◆ **PROBLEM**
Give the data below again exactly as written, but without the pictures.

Collection entries:
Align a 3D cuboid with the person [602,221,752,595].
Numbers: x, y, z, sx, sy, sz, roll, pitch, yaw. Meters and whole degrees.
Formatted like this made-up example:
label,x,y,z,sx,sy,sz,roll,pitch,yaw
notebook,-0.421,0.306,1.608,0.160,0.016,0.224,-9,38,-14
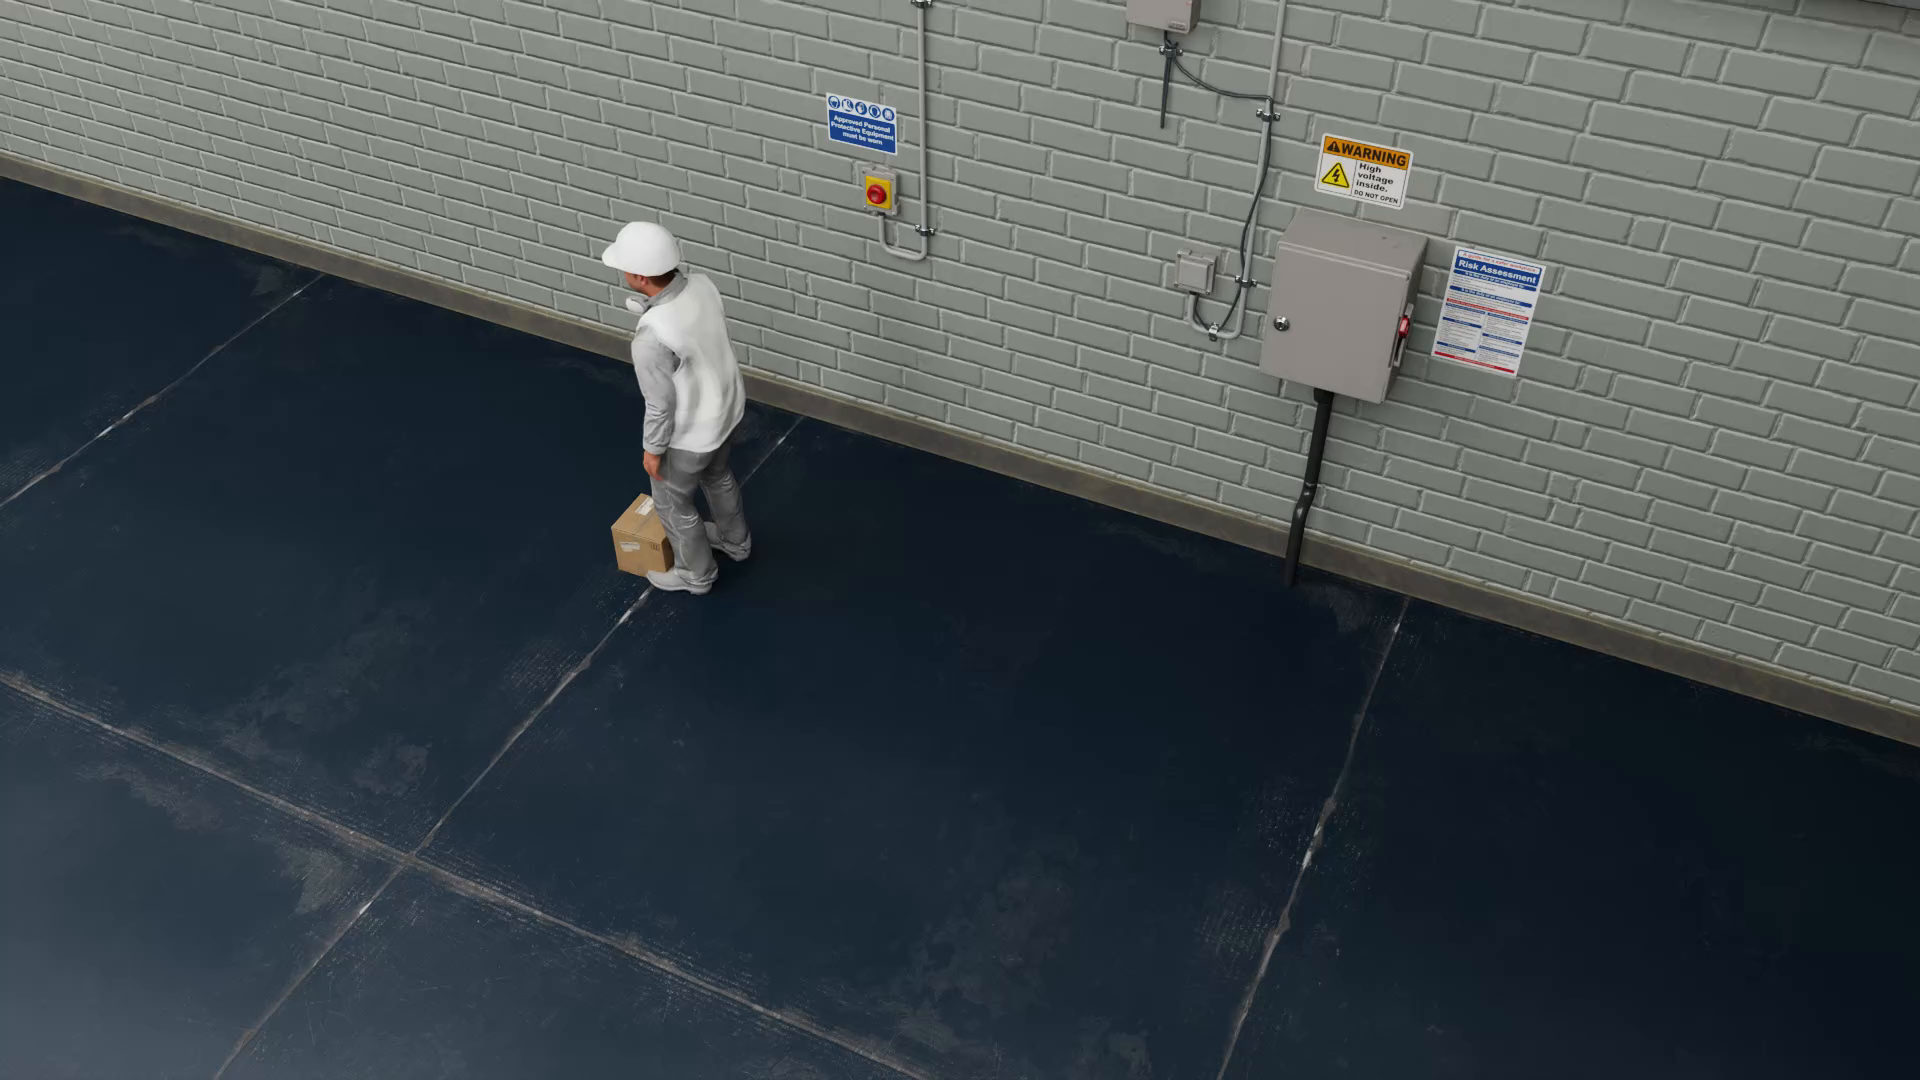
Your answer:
label,x,y,z,sx,sy,sz,roll,pitch,yaw
person,-1.108,-0.502,6.703,0.473,1.771,0.593,15,44,16

◆ **OUTPUT FOR THIS TASK**
Align a 3D cuboid with the person [602,221,752,595].
Numbers: x, y, z, sx, sy, sz, roll, pitch, yaw. Meters and whole degrees.
Formatted like this made-up example:
label,x,y,z,sx,sy,sz,roll,pitch,yaw
notebook,-0.421,0.306,1.608,0.160,0.016,0.224,-9,38,-14
Your answer:
label,x,y,z,sx,sy,sz,roll,pitch,yaw
person,-1.108,-0.502,6.703,0.473,1.771,0.593,15,44,16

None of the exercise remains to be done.